Mesoscale eddies can be split into two categories: static eddies, caused by flow around an obstacle (see animation)^{[ clarification needed ]}, and transient eddies, caused by baroclinic instability.

When the ocean contains a sea surface height gradient this creates a jet or current, such as the Antarctic Circumpolar Current. This current as part of a baroclinically unstable system meanders and creates eddies (in much the same way as a meandering river forms an oxbow lake). These types of mesoscale eddies have been observed in many major ocean currents, including the Gulf Stream, the Agulhas Current, the Kuroshio Current, and the Antarctic Circumpolar Current, amongst others.

Mesoscale ocean eddies are characterized by currents that flow in a roughly circular motion around the center of the eddy. The sense of rotation of these currents may either be cyclonic or anticyclonic (such as Haida Eddies). Oceanic eddies are also usually made of water masses that are different from those outside the eddy.
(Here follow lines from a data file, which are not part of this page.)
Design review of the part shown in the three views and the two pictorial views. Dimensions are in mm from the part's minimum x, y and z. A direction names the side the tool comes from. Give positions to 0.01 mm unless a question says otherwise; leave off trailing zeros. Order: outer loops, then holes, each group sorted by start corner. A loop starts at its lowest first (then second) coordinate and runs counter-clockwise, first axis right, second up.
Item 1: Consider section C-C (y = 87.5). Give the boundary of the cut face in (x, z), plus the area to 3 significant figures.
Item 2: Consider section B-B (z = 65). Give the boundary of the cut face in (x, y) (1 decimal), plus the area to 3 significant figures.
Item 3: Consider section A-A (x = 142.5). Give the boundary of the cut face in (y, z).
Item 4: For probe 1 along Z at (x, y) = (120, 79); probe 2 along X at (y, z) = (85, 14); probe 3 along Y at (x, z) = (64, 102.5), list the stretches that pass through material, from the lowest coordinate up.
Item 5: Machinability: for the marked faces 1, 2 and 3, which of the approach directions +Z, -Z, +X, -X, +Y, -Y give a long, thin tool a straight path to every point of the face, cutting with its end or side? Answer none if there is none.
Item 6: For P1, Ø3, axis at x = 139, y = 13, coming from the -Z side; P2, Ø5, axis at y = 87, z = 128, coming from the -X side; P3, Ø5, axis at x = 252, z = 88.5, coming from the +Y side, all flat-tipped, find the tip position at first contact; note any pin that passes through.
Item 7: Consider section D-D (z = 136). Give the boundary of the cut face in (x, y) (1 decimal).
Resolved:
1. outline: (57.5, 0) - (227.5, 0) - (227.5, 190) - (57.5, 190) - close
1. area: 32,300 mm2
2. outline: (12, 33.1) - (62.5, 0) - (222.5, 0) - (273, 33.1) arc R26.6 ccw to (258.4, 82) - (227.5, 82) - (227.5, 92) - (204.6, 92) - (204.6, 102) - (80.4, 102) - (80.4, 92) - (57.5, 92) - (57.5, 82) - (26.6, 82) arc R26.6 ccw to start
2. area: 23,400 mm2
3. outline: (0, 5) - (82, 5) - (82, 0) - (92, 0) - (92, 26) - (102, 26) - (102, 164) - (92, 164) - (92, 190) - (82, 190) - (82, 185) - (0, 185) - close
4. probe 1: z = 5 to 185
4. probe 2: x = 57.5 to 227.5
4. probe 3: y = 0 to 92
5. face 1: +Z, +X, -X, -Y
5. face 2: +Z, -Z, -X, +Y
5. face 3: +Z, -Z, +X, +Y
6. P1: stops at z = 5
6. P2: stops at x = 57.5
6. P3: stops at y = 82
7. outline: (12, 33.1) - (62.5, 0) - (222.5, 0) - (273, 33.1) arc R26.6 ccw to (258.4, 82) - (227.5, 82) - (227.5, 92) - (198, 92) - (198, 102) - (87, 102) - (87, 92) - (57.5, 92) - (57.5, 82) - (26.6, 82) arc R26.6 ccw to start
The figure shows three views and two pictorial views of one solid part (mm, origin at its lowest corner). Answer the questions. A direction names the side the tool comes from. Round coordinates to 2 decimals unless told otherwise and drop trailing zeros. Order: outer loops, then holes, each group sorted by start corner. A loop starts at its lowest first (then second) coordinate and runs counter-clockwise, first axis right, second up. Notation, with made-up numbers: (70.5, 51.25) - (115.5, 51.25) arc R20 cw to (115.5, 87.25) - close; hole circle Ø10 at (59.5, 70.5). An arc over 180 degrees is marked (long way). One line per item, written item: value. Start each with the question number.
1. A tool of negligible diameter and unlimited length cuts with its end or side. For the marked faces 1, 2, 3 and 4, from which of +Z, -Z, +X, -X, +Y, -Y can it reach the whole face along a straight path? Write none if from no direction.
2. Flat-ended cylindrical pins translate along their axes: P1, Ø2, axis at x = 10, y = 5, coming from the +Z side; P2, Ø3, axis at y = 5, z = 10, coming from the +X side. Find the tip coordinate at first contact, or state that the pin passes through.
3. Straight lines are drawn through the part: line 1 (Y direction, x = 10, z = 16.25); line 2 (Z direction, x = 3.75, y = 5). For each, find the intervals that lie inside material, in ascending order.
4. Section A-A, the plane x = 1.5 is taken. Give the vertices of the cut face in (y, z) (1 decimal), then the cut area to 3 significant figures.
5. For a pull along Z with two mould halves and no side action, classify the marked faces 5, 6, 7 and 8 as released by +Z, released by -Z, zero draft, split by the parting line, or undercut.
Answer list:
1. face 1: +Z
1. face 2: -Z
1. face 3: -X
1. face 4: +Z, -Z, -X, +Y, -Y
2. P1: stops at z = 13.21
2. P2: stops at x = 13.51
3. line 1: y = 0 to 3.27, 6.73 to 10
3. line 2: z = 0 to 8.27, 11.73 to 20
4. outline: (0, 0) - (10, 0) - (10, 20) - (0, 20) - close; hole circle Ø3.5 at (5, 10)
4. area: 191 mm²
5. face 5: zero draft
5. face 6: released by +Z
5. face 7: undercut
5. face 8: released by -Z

That is, the water within an eddy usually has different temperature and salinity characteristics to the water outside the eddy. There is a direct link between the water mass properties of an eddy and its rotation. Warm eddies rotate anti-cyclonically, while cold eddies rotate cyclonically.

Because eddies may have a vigorous circulation associated with them, they are of concern to naval and commercial operations at sea. Further, because eddies transport anomalously warm or cold water as they move, they have an important influence on heat transport in certain parts of the ocean. ^[18]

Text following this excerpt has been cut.